Tomicic F. V, Cruces R. P, Donoso F. A. Abdominal Compartment Syndrome In Critically Ill Patients. Andes pediatr [Internet]. 2006 Jul. 8 [cited 2025 Sep. 12];77(6):557-6. Available from: https://andespediatrica.cl/index.php/rchped/article/view/2267

Abstract

In the last decade, an exponential increase in intraabdominal hypertension (IAH) and abdominal compartment syndrome reports appear in literature. Pathophysiologic implications due to increased intraabdominal pressure (IAP) on organ function within the abdomen are transcendental critically ill neonate, pediatric and adult patients.
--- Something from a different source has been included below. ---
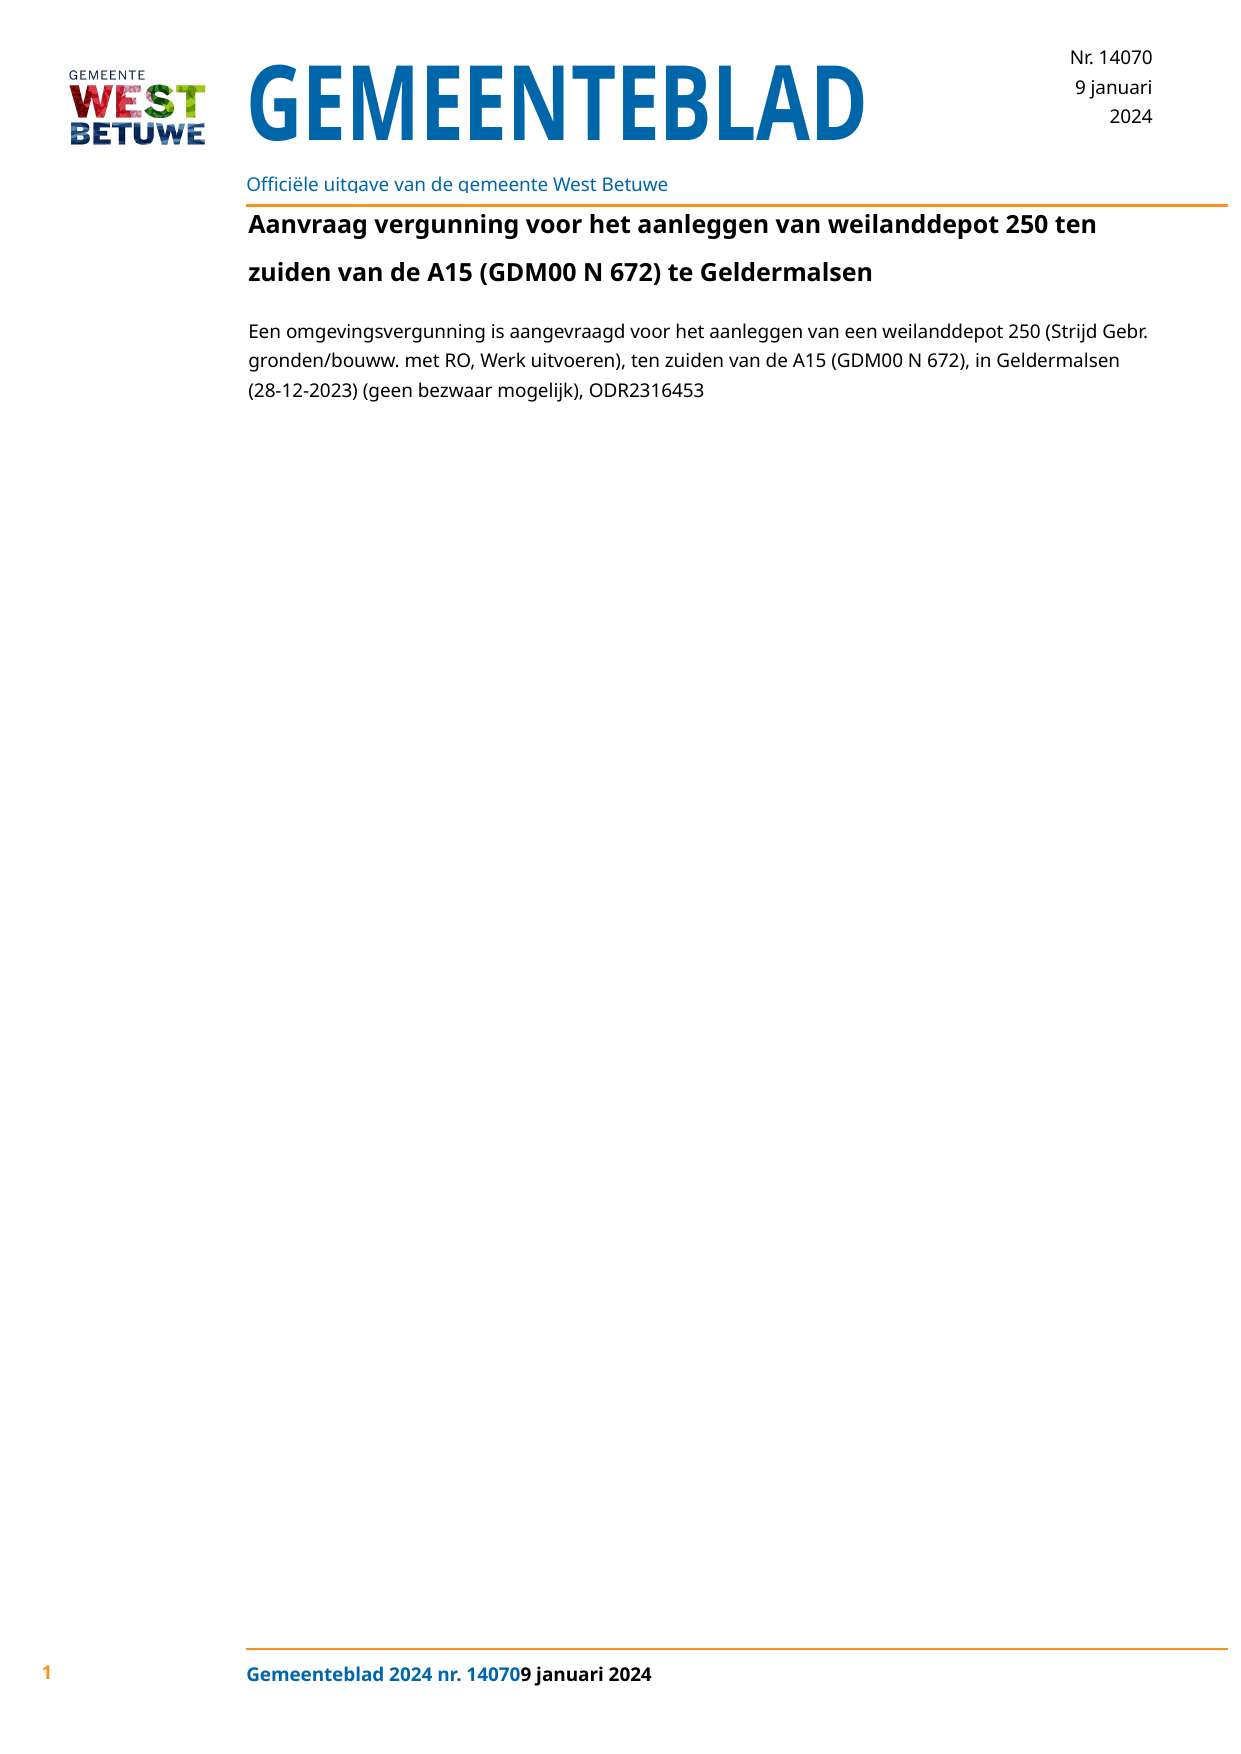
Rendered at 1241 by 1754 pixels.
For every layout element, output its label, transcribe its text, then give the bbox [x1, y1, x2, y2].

text Een omgevingsvergunning is aangevraagd voor het aanleggen van een weilanddepot 250 (Strijd Gebr. gronden/bouww. met RO, Werk uitvoeren), ten zuiden van de A15 (GDM00 N 672), in Geldermalsen (28-12-2023) (geen bezwaar mogelijk), ODR2316453 [248, 318, 1152, 403]
picture [41, 47, 231, 172]
text Aanvraag vergunning voor het aanleggen van weilanddepot 250 ten zuiden van de A15 (GDM00 N 672) te Geldermalsen [248, 207, 1152, 288]

This review focuses on the available literature on definitions, epidemiology, measurement, pathophysiologic implications, radiological findings and treatment. Key messages: (1) Body mass index and fluid resuscitation are independent predictors of IAH. (2) IAH increases intrathoracic, intracranial and intracardiac filling pressure and decreases left ventricular, chest wall and respiratory tract compliance. (3) IAH causes atelectasia and increases extravascular lung water. (4) PEEP can be set to counteract intraabdominal pressure. (5) Lung protective strategies should aim DPplat (plateau pressure-IAP). (6) Transdiaphragmatic filling pressures and volumetric parameters better reflect preload. (7) IAH is an independent predictor of acute renal failure. (8) IAH triggers bacterial translocation and multiple organ failure. (9) Monitoring of abdominal perfusion pressure can be useful.